Martin Mocko

Research areas: machine learning, deep learning, data science, malware detection, malware clustering, phishing

Position: PhD Student

Martin is a research assistant focusing on information security, in particular malware analysis and detection, phishing and malicious behavior. He is also interested in data analysis, machine learning and deep learning. His research currently focuses on clustering of executable files and creating useful representations for machine learning models.

He holds a Master’s degree in Intelligent Systems from the Slovak University of Technology. During his studies, he received the Institute of Informatics at the Slovak Academy of Sciences award for excellent study performance. He is currently a PhD student at KInIT, doing his PhD at the Faculty Of Information Technology, Brno University of Technology.

He has co-operated in research projects with ČSOB bank and CEAi. His Master’s thesis focused on anomaly detection in the bank domain. He is a former member of PeWe (Personalized Web) research group.

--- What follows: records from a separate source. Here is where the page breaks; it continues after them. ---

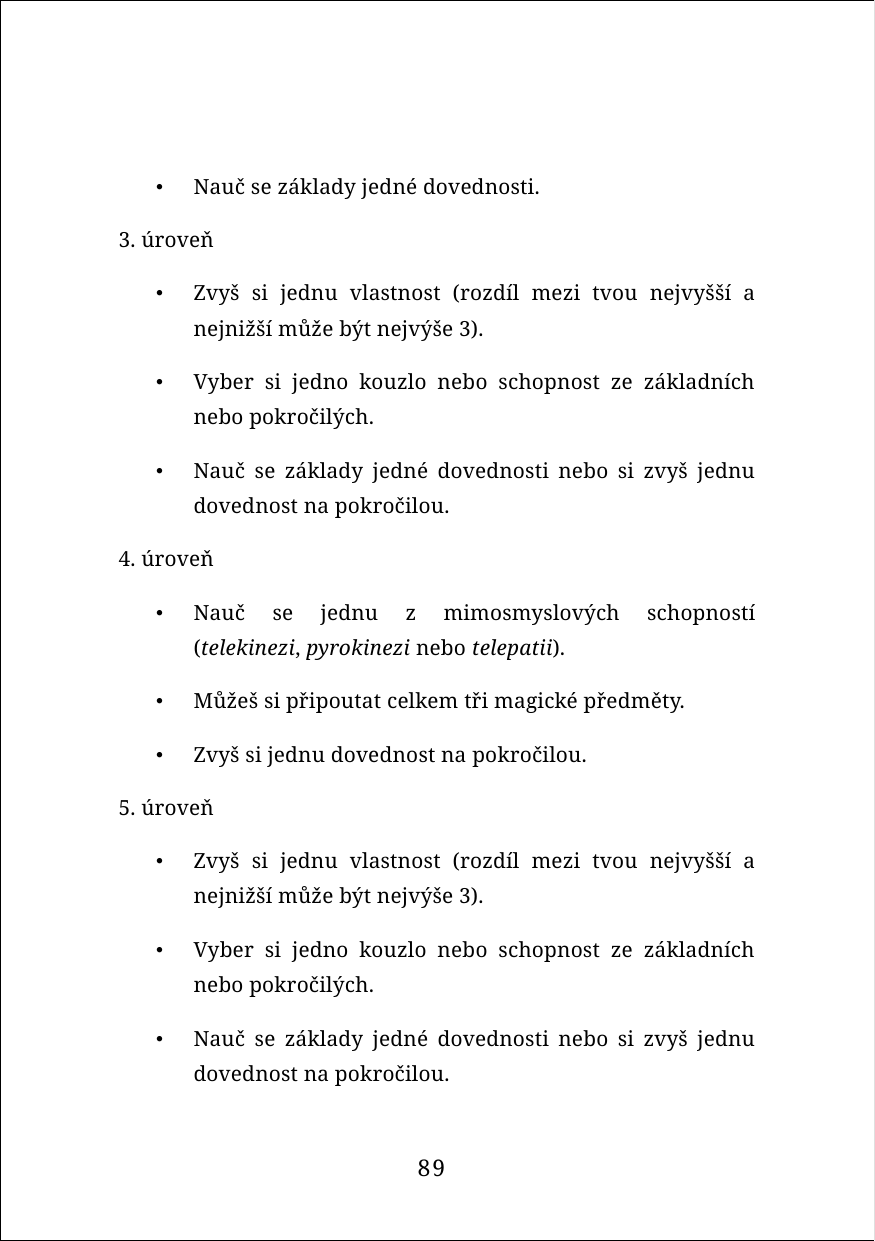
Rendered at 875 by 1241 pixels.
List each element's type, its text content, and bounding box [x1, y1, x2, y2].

text 3. úroveň [118, 225, 756, 253]
list Zvyš si jednu dovednost na pokročilou. [156, 740, 756, 768]
list Nauč se základy jedné dovednosti nebo si zvyš jednu dovednost na pokročilou. [156, 456, 756, 520]
list Vyber si jedno kouzlo nebo schopnost ze základních nebo pokročilých. [156, 367, 756, 431]
list Zvyš si jednu vlastnost (rozdíl mezi tvou nejvyšší a nejnižší může být nejvýše 3). [156, 278, 756, 342]
text 5. úroveň [118, 793, 756, 821]
list Nauč se základy jedné dovednosti nebo si zvyš jednu dovednost na pokročilou. [156, 1024, 756, 1088]
list Zvyš si jednu vlastnost (rozdíl mezi tvou nejvyšší a nejnižší může být nejvýše 3). [156, 846, 756, 910]
list Vyber si jedno kouzlo nebo schopnost ze základních nebo pokročilých. [156, 935, 756, 999]
list Nauč se základy jedné dovednosti. [156, 172, 756, 200]
list Můžeš si připoutat celkem tři magické předměty. [156, 686, 756, 715]
list Nauč se jednu z mimosmyslových schopností (telekinezi, pyrokinezi nebo telepatii). [156, 598, 756, 662]
text 4. úroveň [118, 544, 756, 573]

PhD topic: Malware clustering Using Machine Learning

Supervising team: Daniela Chudá (KInIT), Eset (industry partner)

Every day, hundreds of thousands of malicious software samples are created with the goal of either harming the victim’s computer, stealing their data, or causing financial damages. To be able to combat the ever-evolving landscape of malware, we need to utilize machine learning solutions to achieve the desired speed, accuracy and scalability of protection. One particular problem in this domain where millions of binary files reside is clustering of existing and newly arriving samples while maintaining an acceptable level of speed and accuracy. 

In our proposal, we formulate the reasons for the large heterogeneity of malware samples, analyze the state of the art in malware clustering, and identify shortcomings of the state of the art research works. Very small and custom collected datasets, labeling problems, lack of consensus on how clustering solutions should be set up, different evaluation metrics and evaluation methodologies that lack addressing cluster size bias (random chance of achieving a good clustering) are all factors that contribute to wildly different conclusions. Furthermore, in the past few years, deep clustering and contrastive learning has been gaining a lot of attention in the research community, while the research works in the malware field have yet to catch up. We address some of the identified issues in our research questions and present the plan of our experiments which will provide answers to these questions.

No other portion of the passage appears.